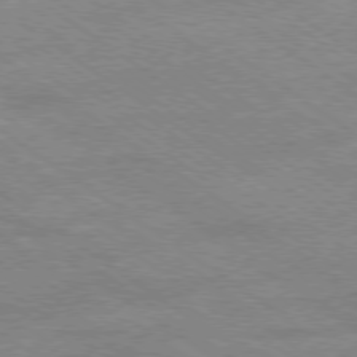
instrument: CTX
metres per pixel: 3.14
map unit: Hpe
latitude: -79.2187
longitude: -22.8947

### DIRECTIONS:
The records above are to be repeated exactly, with every picture removed from the copy.

### FINAL ANSWER:
instrument: CTX
metres per pixel: 3.14
map unit: Hpe
latitude: -79.2187
longitude: -22.8947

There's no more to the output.